YALNIZ PARİS YANMIYOR!
Modernizm çok problemli ve çağın diğer problemlerinin de kaynağıdır diyordu Erol Güngör. (Modernleşme ayrı, modernizm ayrıdır)
Küreselleşme ideolojisi çöktü. Fukuyama’nın kulakları çınlasın.
Neo-lieralizm doktrini de çöktü. Huntington ne yapıyor acaba?
Batı’da ayakta kalan şimdilik postmodernizm. Çünkü bütün değerleri silen küreselleşme akımına rağmen, postmodernizm çok medeniyetli topluma şimdilik evet diyor. Ne kadar sürer, bilen çok az!
Dünyada en aktif güç olarak kabul edilen “Batı Medeniyeti” ve onun toplumlara yansıyan yüzü kapitalizm henüz rakipsiz bir durumda. Maalesef Doğu henüz ciddi bir alternatif sunamadı.
Şimdi üzerinde olduğumuz bu pencereden Paris ayaklanmalarını bir değerlendirelim:
Her ne kadar Akaryakıt fiyatları yoluyla orta sınıfa yüklenen bir zam bu işin sebebi olarak gösteriliyorsa da, aynı zaman diliminde varlıklı olanlardan alınan servet ve kazanç vergilerine getirilen düşüşler sanki konuşulmak istenmiyor.
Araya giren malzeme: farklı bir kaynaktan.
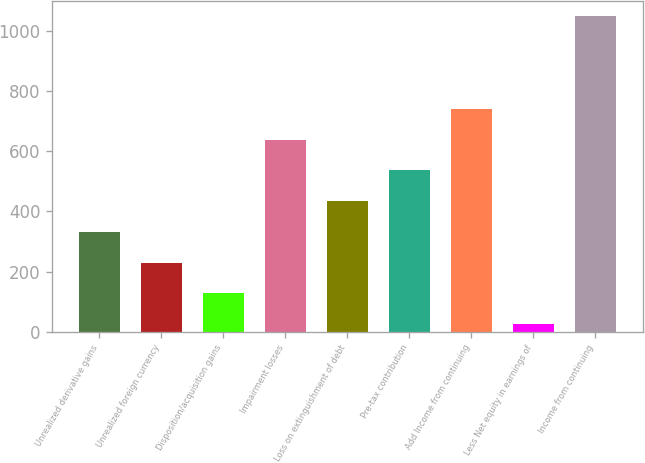<chart> <loc_0><loc_0><loc_500><loc_500><bar_chart><fcel>Unrealized derivative gains<fcel>Unrealized foreign currency<fcel>Disposition/acquisition gains<fcel>Impairment losses<fcel>Loss on extinguishment of debt<fcel>Pre-tax contribution<fcel>Add Income from continuing<fcel>Less Net equity in earnings of<fcel>Income from continuing<nl><fcel>331.9<fcel>229.6<fcel>127.3<fcel>638.8<fcel>434.2<fcel>536.5<fcel>741.1<fcel>25<fcel>1048<nl></chart> 
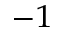Convert formula to latex. <formula><loc_0><loc_0><loc_500><loc_500>^ { - 1 }</formula>

Halbuki bu insafsız indirimler, belki hayatında seçimlere pek az ilgi göstermiş olan bir topluluğu dahi sokaklara dökmüştür. Halkın varlığını dahi görmeyerek yapılan varlık ve servet vergilerindeki indirimler, yükün kendi sırtlarına yüklendiğini fark eden halkı, ispat-ı vücut için sokaklara çekmiştir. Elini taşın altına koymak hep sabit gelirlilerin payına düşürüldükçe, vatan-millet gibi milliyetçi söylemler de toplumların gazını almaya yetmedi zannederim.
Birey olmanın farkına varan Parisli/Fransız, Macron ve onu oraya taşıyanların kibirlerine bir başkaldırı hareketi başlatmıştır. Ekonomik eşitsizlikleri doğuran politikalar terk edilmedikçe, bu hareket ciddi anlamda durmaz gibi gözükmektedir. Sabit gelirli de yönetimde söz sahibi olmak istiyor.
Sokaklara sığmayan kalabalıklar için küçültücü bir benzetmeyle “Vandallık” suçlaması yapılmakta olduğuna bakmayın. Sokaktakilerin hedefi vitrinlere sahip olmak değil, “vitrin kapitalizmini” ortadan kaldırmak gibi duruyor. Birinin maaşı fiyatındaki ceket elbette elbette tepki çeker ve toplumda hoş karşılanmaz.
İşsizliği tembellik ve az çalışmayla izah etmeye kalkan bakış açısı şaşıdır ve bu şaşılık rolünü bilerek oynamaktadır. Kapitalizmin genel mantığı; işverenin mümkün olan en az ücreti ödemek, yasaların da bu doğrultuda çıkmasına çaba harcamaktır. Hatta şimdilerde insanı saf dışı etmek için ilk etapta robot ve yapay zeka üzerinde çalışılmaktadır. Gıda savaşları, ilaç savaşları, çevre kirliliğinin önlenmesine dair anlaşmanın ABD tarafından onaylanmaması hep kapitalizmin öldürücü yönünü göstermiyor mu? Malum, savaşlar konvansiyonelden ticaret savaşlarına ve terörizme döndü. Ama yalnız Parisli değil, Belçikalı da, Hollandalı da, Wall Street de aynı şeyleri düşünüyor galiba.
Tabi Avrupa üstünlüğünün ABD’ye kaptırılmasından sonra yapılan yetersiz müdahaleler de AB’de yaşayanları rahatsız etmektedir. Yalnız Paris olaylarını değil, belki İngiltere’deki “Brexit” çıkışını da bu pencereden görmek gerekebilir.
Tekrar başa dönersek; küreselleşme, neoliberalizm ve postmodernizm artık yaşatılamıyor. Bir güzel adamın tespiti ile söylersek; kölelik ve ecirlik dönemleri artık bitmiş olup, devir ortaklık üzerine çalışma dönemidir. Emek de en az sermaye kadar değerli değil midir?
Eski sistemi yaşatmak için sakın Paris feda ediliyor olmasın? Malum bu olayların arkasında bir de Trump siluetinden bahsedenler yok değil.